Currently working hybrid from our central London office.


As a Senior Data Scientist you will:

  • Have a deep understanding of the data, its limitations and meaning, including the investigation of data validity
  • Uncover trends in multiple sports datasets
  • Build and maintain data-driven predictive models
  • Research and apply novel modelling techniques
  • Build and maintain model validation metrics to regularly track performance
  • Have awareness of the limitations of any model output
  • Have an understanding of statistical robustness and validity.

Key Skills / Qualifications

  • Multiple years experience in a team-leading role utilising advanced statistics and modelling techniques – preferably in a sporting context
  • PhD or equivalent industry experience with data
  • Strong programming skills, with a preference for Python
  • A long and proven track record of using data to solve complex problems
  • Experience working with cloud computing (desirable).

Attributes and experience that would also be a big plus

  • A keen interest in cricket, especially limited overs cricket
  • Previous professional experience working with cricket analytics

Candidate Overview

The successful Senior Data Scientist will be an innovative, self-driven person with high levels of integrity. They will be working closely with local and remote teams and therefore need to be highly communicative, but also work well independently. They must be well organised and have the ability to handle multiple projects simultaneously.

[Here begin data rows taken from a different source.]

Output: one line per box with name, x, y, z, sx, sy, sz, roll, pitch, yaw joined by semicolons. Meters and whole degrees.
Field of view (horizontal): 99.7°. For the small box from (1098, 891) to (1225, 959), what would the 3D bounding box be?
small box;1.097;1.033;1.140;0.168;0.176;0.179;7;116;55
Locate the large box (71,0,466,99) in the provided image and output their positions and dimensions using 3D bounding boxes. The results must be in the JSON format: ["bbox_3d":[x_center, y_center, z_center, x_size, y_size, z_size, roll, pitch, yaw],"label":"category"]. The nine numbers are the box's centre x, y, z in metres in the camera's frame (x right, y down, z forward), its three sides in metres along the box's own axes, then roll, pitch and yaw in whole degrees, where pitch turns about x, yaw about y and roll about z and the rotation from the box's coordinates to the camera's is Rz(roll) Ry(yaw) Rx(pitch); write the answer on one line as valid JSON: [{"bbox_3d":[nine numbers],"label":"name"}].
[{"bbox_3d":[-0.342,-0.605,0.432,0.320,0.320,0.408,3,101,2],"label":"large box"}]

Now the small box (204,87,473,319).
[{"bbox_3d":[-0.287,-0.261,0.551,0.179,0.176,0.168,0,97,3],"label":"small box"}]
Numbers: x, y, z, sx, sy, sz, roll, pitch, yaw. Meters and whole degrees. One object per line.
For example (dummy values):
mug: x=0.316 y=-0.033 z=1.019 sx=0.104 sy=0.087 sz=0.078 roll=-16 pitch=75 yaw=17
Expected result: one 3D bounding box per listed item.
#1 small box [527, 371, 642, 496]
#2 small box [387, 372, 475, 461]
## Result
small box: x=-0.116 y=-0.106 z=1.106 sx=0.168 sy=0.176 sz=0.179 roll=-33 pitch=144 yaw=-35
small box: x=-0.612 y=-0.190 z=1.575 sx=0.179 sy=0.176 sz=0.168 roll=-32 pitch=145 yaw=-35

This is a hybrid role with London Victoria office attendance expected twice a week.


What to expect from the selection process

  • CV screening
  • 1st interview with Modelling team
  • Take home data challenge
  • Final interview split between senior management team and Cricket team. All stages are eliminatory.

Company Overview

Pythia Sports is a fast growing technology company with a focus on predictive sports modelling and data collection. We focus on being the best at what we do and recognise that our success comes from having the best employees and keeping them happy. We pride ourselves on hiring talented, creative and free thinkers.


Here you will find a relaxed atmosphere, monthly social events and amazing people!


We also offer private health and dental insurance, cycle to work scheme, enhanced paternity and maternity leave, enhanced sick pay, 36 days holiday total allowance and exciting development opportunities.


Pythia Sports employees are expected to embrace the company philosophy of integrity combined with innovation and cutting edge technology.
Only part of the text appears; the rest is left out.